SUPPLIED MATERIAL:
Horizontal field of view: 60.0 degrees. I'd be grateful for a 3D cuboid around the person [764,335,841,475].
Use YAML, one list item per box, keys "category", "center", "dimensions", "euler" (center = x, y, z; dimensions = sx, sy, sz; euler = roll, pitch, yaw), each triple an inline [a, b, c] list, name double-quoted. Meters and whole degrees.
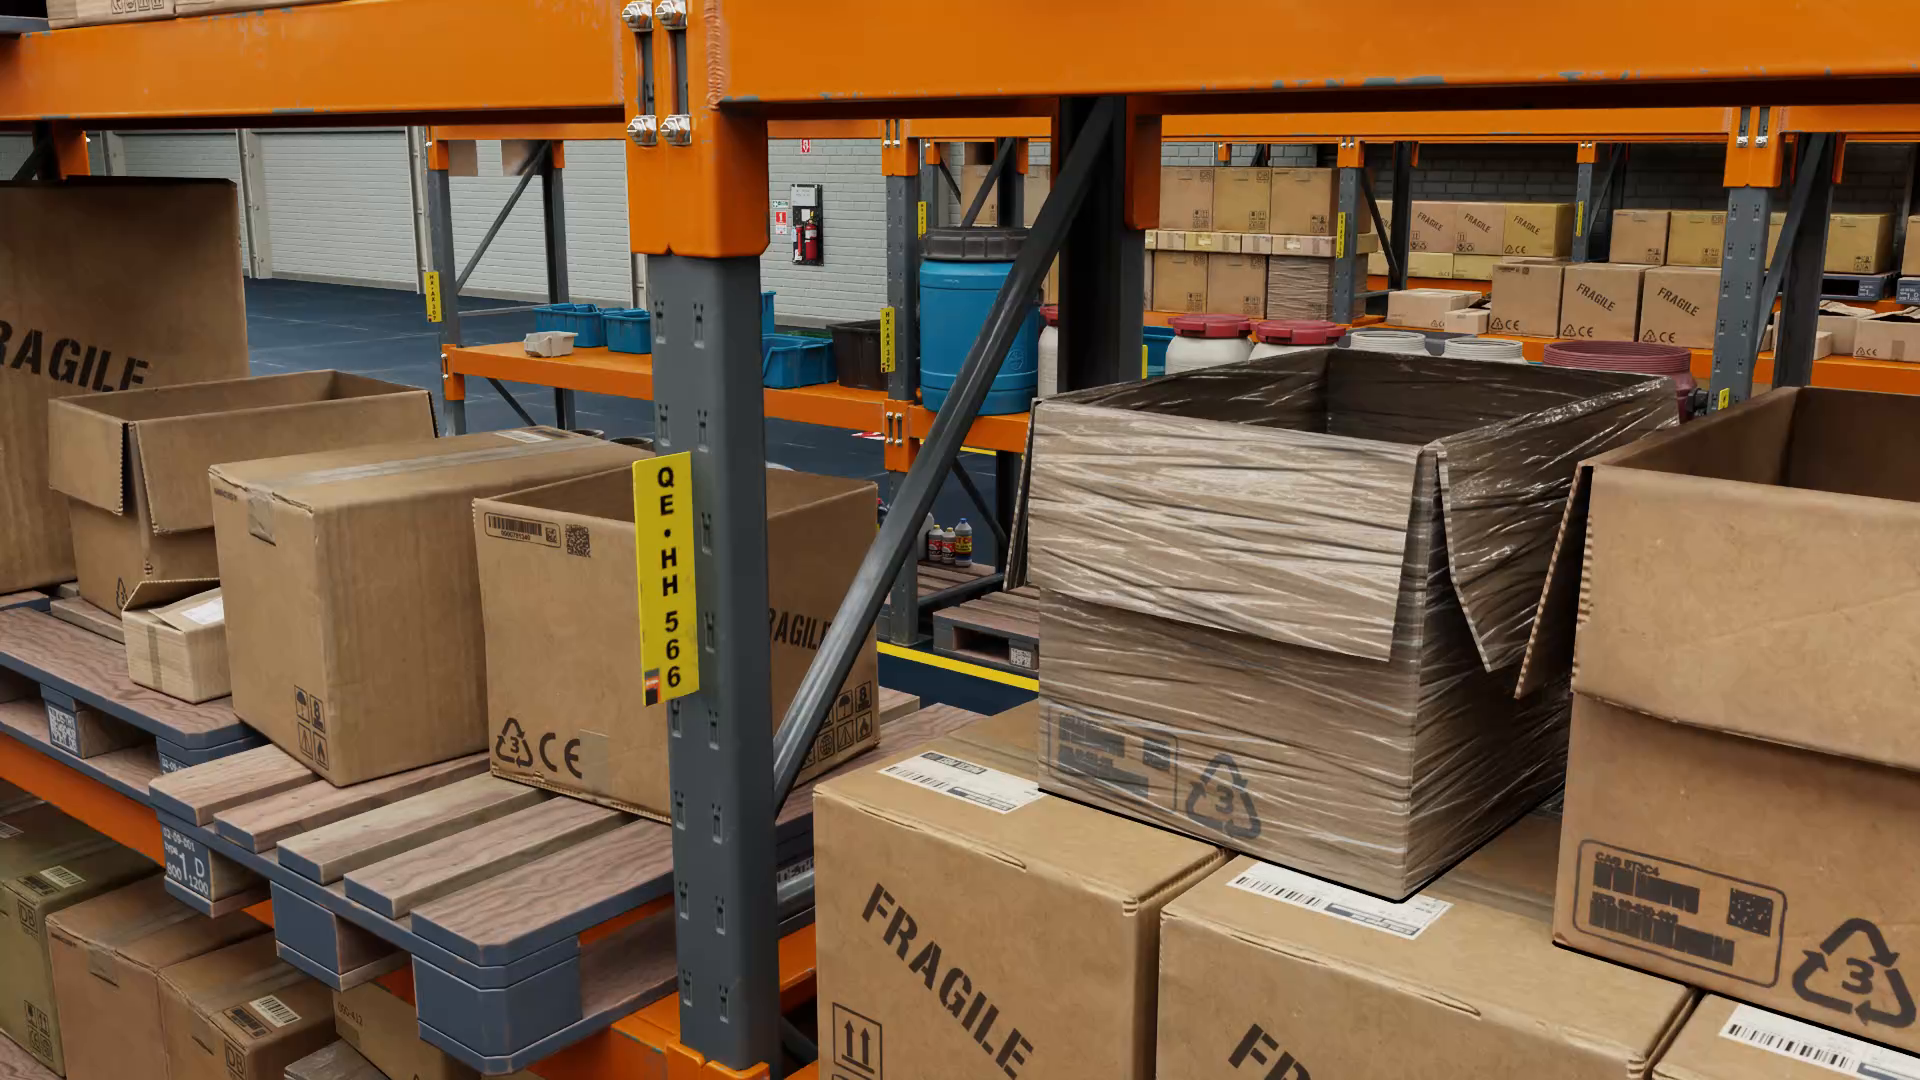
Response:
- category: "person"
  center: [-0.855, -0.057, 7.679]
  dimensions: [0.494, 1.766, 0.569]
  euler: [11, 17, 39]

ACTION ITEM:
Beginning with the line that contains "Use YAML, one" and ending with the final line of the material, reproduce those lines exactly and nothing else. Omit the pictures.

RESULT BELOW:
Use YAML, one list item per box, keys "category", "center", "dimensions", "euler" (center = x, y, z; dimensions = sx, sy, sz; euler = roll, pitch, yaw), each triple an inline [a, b, c] list, name double-quoted. Meters and whole degrees.
Response:
- category: "person"
  center: [-0.855, -0.057, 7.679]
  dimensions: [0.494, 1.766, 0.569]
  euler: [11, 17, 39]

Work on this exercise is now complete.